I remember my childhood like it was yesterday. These memories are close to my heart and helped shape me into the parent I am today.
I grew up in a two-parent home with two sisters and three brothers. The crazy part is my parents were divorced but still decided to live together to raise us. Of course, it wasn’t perfect with them living together but our good days definitely outweighed our bad.
We didn’t have everything we needed and not too much of what we wanted, but we were definitely given the thing we needed most, and that was time. My parents would always take us to the park, movies, play sports with us in the yard, and even have sleepovers with other families. Those were some of the best times of my life.
I can remember my older brother Ronnie building obstacle courses (similar to the one on Gladiator), as well as our first clubhouse in the woods. Outside was one of our favorite places because that is where our imaginations would run free.

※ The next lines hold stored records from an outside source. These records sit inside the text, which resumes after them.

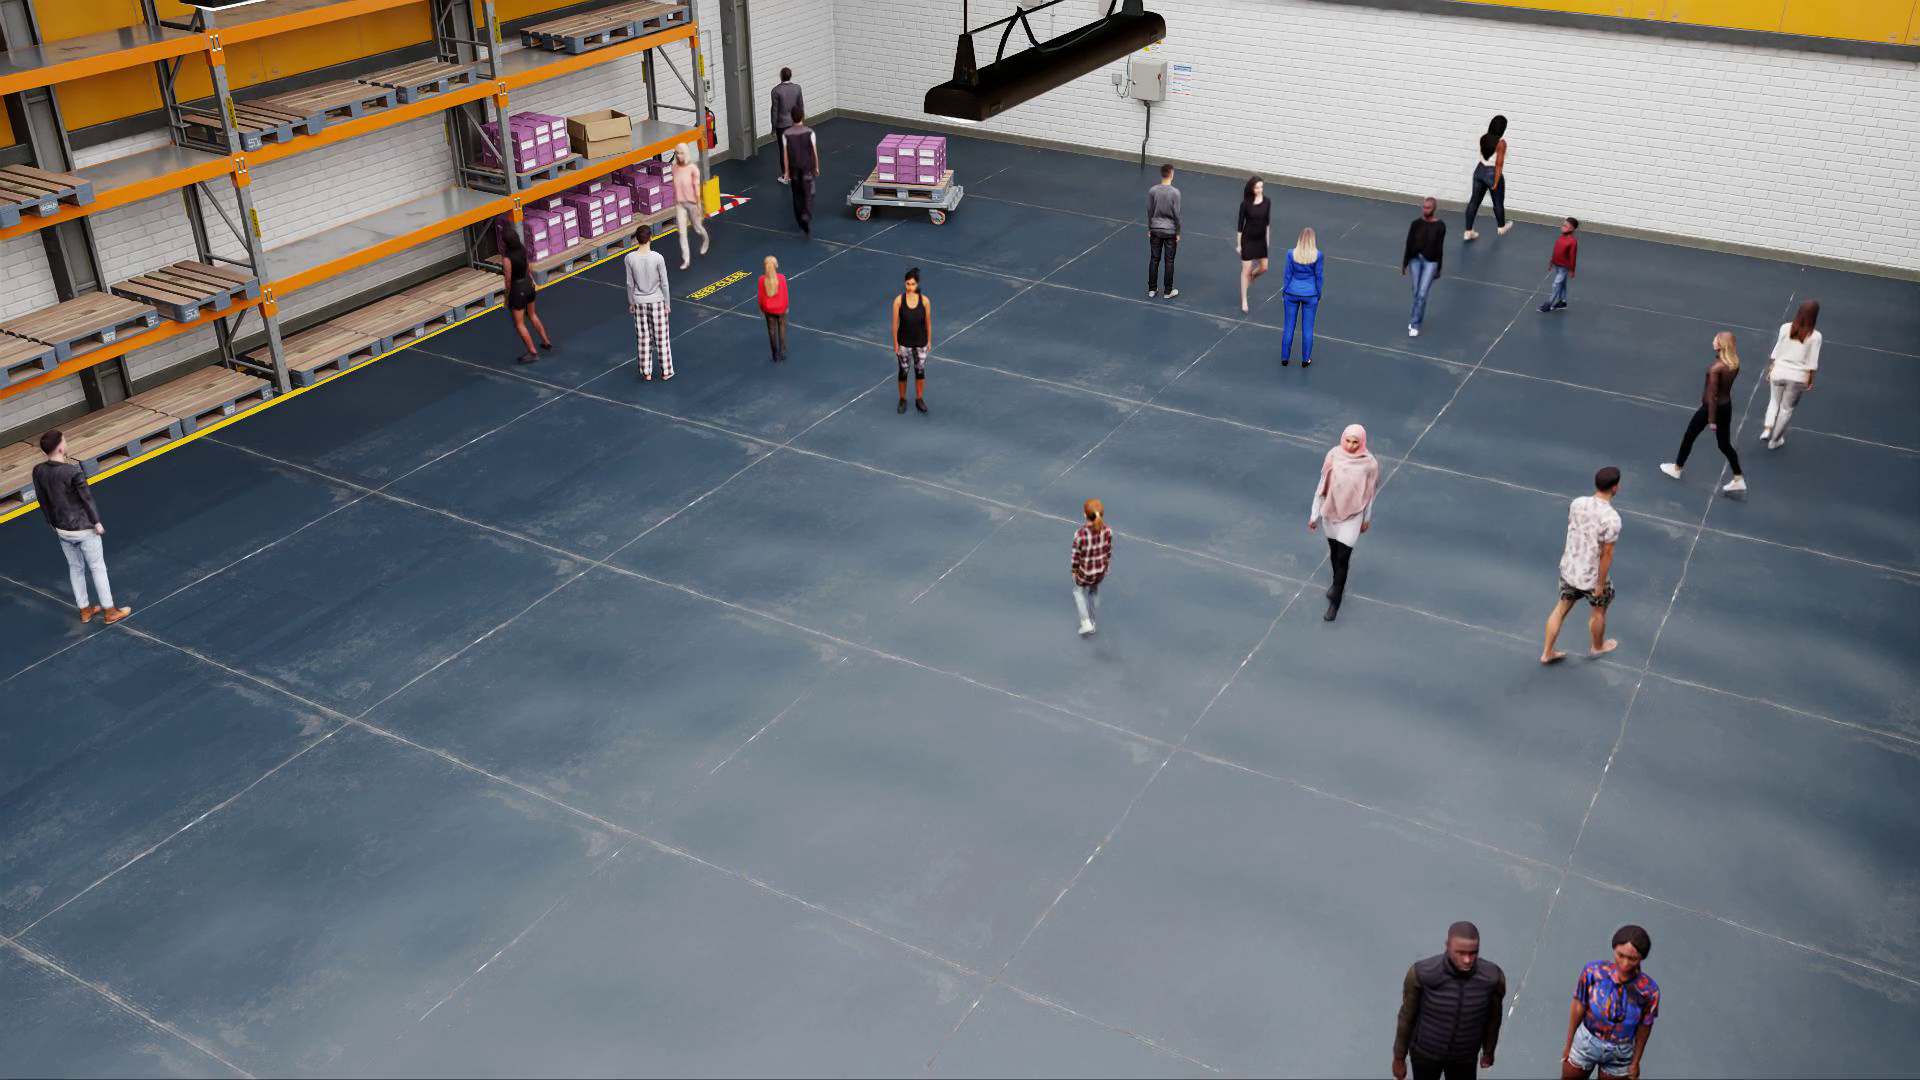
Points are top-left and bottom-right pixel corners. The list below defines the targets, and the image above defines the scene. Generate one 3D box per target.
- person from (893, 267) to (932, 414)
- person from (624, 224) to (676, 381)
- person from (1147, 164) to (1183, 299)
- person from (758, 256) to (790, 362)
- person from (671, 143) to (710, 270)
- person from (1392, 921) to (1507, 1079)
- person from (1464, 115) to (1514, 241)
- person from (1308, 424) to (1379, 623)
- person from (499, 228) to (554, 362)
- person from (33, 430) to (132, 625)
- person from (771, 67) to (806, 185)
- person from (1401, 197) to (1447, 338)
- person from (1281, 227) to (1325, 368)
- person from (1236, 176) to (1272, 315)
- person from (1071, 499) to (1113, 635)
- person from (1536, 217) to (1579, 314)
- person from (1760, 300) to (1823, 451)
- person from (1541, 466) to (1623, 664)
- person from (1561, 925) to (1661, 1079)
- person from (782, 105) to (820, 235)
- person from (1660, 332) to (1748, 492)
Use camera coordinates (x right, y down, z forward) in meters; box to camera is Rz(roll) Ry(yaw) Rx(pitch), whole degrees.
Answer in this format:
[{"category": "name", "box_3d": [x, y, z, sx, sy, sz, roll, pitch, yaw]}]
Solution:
[{"category": "person", "box_3d": [-0.530, -2.228, 18.535, 0.657, 1.664, 0.695, -5, 29, -8]}, {"category": "person", "box_3d": [-3.607, -2.749, 19.298, 0.715, 1.847, 0.719, 0, 29, 0]}, {"category": "person", "box_3d": [2.668, -4.042, 21.755, 0.633, 1.766, 0.558, 12, 31, 21]}, {"category": "person", "box_3d": [-2.222, -2.754, 19.908, 0.684, 1.272, 0.758, -3, 29, -6]}, {"category": "person", "box_3d": [-3.712, -4.639, 22.925, 0.764, 1.692, 1.138, 8, 30, 14]}, {"category": "person", "box_3d": [2.670, 2.769, 9.205, 0.835, 1.825, 0.819, 4, 29, 6]}, {"category": "person", "box_3d": [7.484, -5.150, 23.776, 1.136, 1.775, 0.902, -19, 34, -31]}, {"category": "person", "box_3d": [3.412, -0.237, 14.773, 0.650, 1.771, 1.011, 16, 32, 26]}, {"category": "person", "box_3d": [-5.184, -2.909, 19.754, 0.922, 1.691, 0.643, 13, 31, 23]}, {"category": "person", "box_3d": [-7.694, -0.108, 14.468, 0.720, 1.836, 0.665, 4, 29, 8]}, {"category": "person", "box_3d": [-2.719, -6.557, 26.306, 0.761, 1.821, 0.864, -12, 31, -21]}, {"category": "person", "box_3d": [5.787, -3.440, 20.688, 0.616, 1.730, 0.845, 17, 33, 28]}, {"category": "person", "box_3d": [4.039, -2.875, 19.683, 0.664, 1.700, 0.621, 8, 30, 14]}, {"category": "person", "box_3d": [3.715, -3.796, 21.281, 0.816, 1.787, 0.874, -8, 30, -15]}, {"category": "person", "box_3d": [1.158, 0.266, 14.345, 0.674, 1.298, 0.735, -8, 30, -14]}, {"category": "person", "box_3d": [7.805, -3.536, 21.374, 0.817, 1.242, 0.761, -7, 29, -12]}, {"category": "person", "box_3d": [8.755, -1.723, 17.593, 0.685, 1.679, 0.707, 25, 37, 38]}, {"category": "person", "box_3d": [5.143, 0.265, 13.838, 1.112, 1.785, 0.974, -16, 32, -26]}, {"category": "person", "box_3d": [3.551, 2.823, 9.193, 0.605, 1.741, 0.541, 12, 31, 21]}, {"category": "person", "box_3d": [-2.287, -5.321, 24.028, 0.947, 1.832, 1.137, 1, 29, 2]}, {"category": "person", "box_3d": [7.688, -1.250, 16.741, 1.146, 1.665, 1.019, -17, 33, -28]}]

We would climb on top of my grandma’s house when she wasn’t home and slide down the antenna pole like we were firefighters. We would put cans or little Hug juice bottles between the tire and the frame on our bikes just so they could make loud noises like we were on a motorcycle. There was so much we would do outdoors, from picking blackberries and sour weed, to walking to the neighborhood store to get snacks.
Back then we were just kids and doing exactly what kids were supposed to do.

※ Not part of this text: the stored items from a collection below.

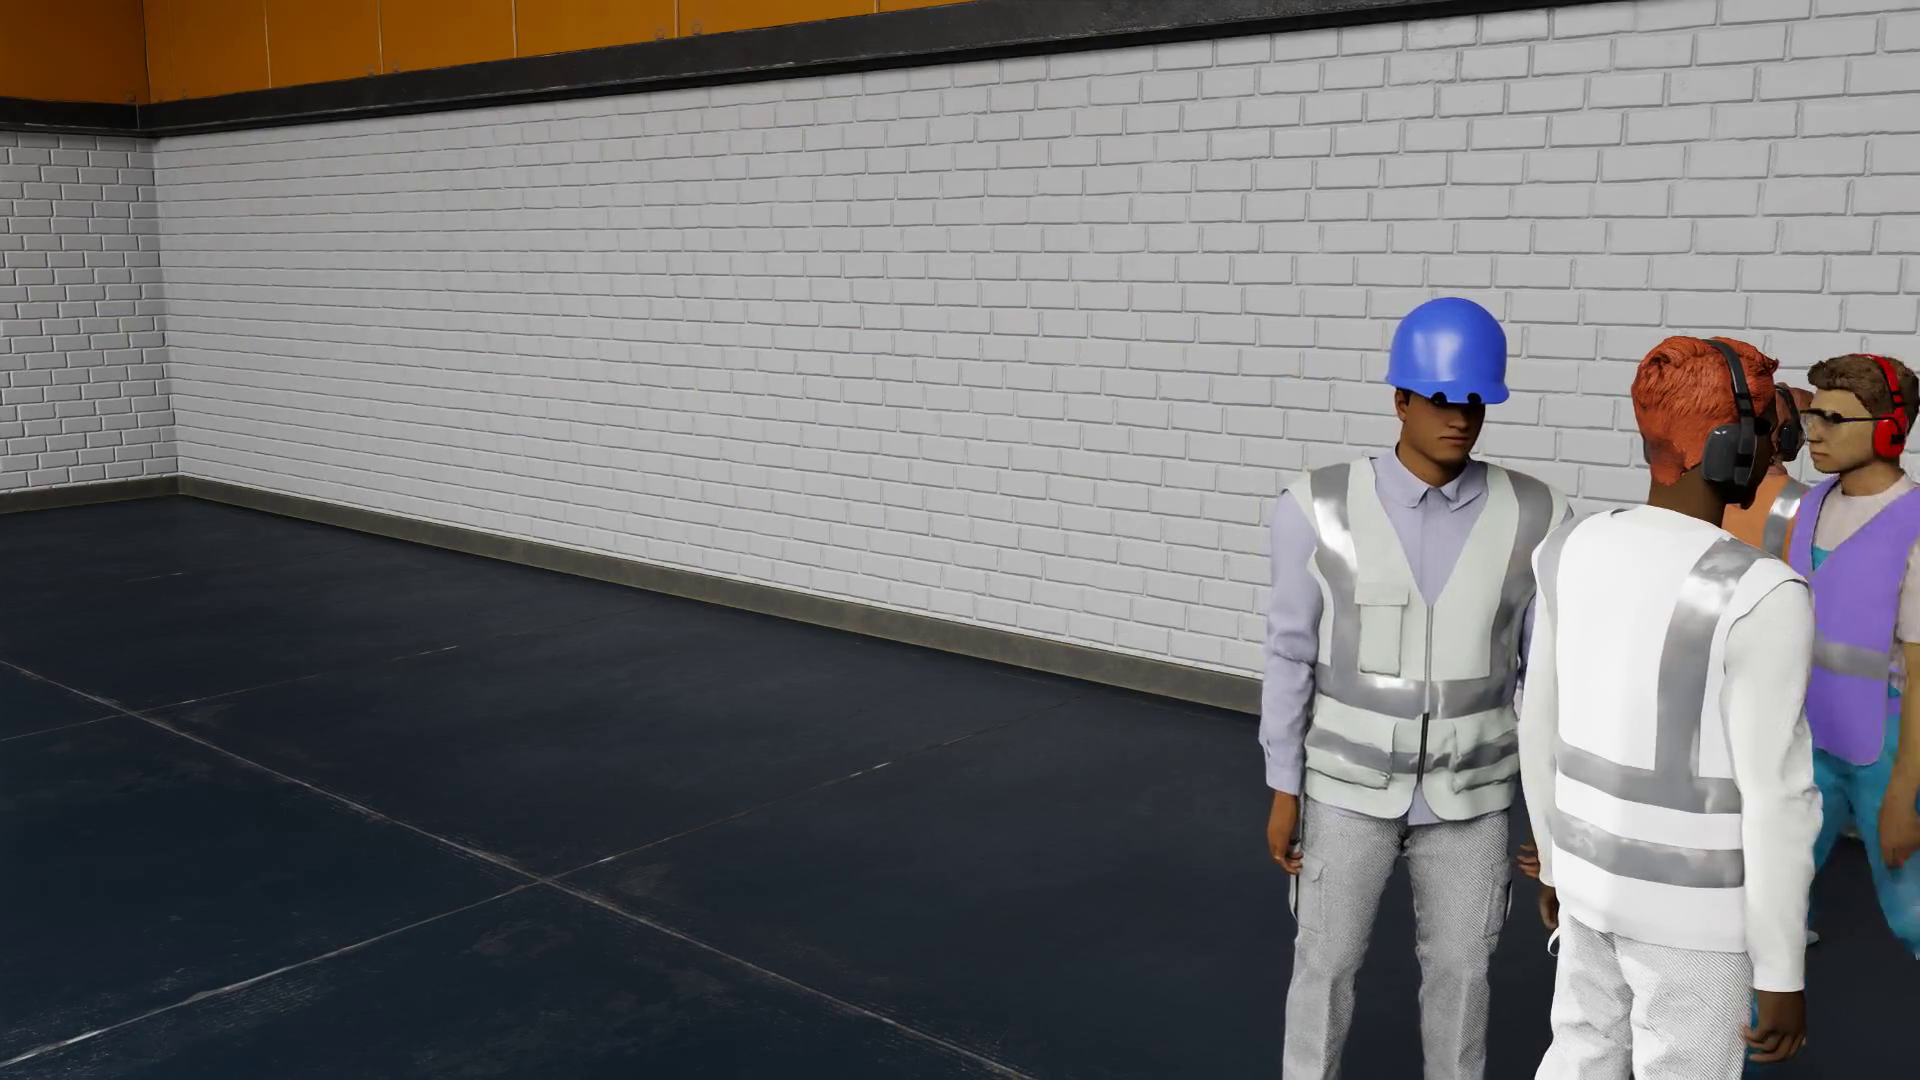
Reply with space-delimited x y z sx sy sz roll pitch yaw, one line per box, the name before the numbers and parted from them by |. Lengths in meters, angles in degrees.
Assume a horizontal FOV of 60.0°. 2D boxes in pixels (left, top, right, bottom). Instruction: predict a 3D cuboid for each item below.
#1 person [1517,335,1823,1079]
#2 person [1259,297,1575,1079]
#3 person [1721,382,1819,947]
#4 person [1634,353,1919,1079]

Today, children don’t seem to enjoy the outdoors as much. I haven’t heard a child say anything about an imaginary friend in years. And it’s probably because they always have so many ways to talk to their real friends. Electronics have taken over our children in many ways.
I try as much as possible to give my children the experiences I had as a child. From packing or buying lunch, to having a picnic at the park, to just going outside and enjoying being a kid.
There was one time at my mother-in-law’s house I decided that I would make mud pies with my girls. We had so much fun. They were so interested in how my childhood was and what all we would do to have fun.
Since then I’ve been giving them those same experiences I had.
They’ve watched the very same movies I watched as a child with my parents and siblings. I’ve made some of the same traditions with them that my mom made with us. I even buy board games to play with them so we can have that quality time.
I especially do these things if I feel like they’ve had too much screen time, or when I feel like I’m missing out on something that’s going on in their lives. The latter may not happen much because they are only 13, 11 and nine. But I just want to be able to have that time with them that was given to me, despite the fact that this generation is very much about technology.
I always tell other parents how important it is to spend time with your kids even if they don’t want to. Sometimes it’s best to tell our children to put down the electronics and spend some time talking or hanging out together.
What’s most important to a child is not what you buy them, but the amount of time you spend with them.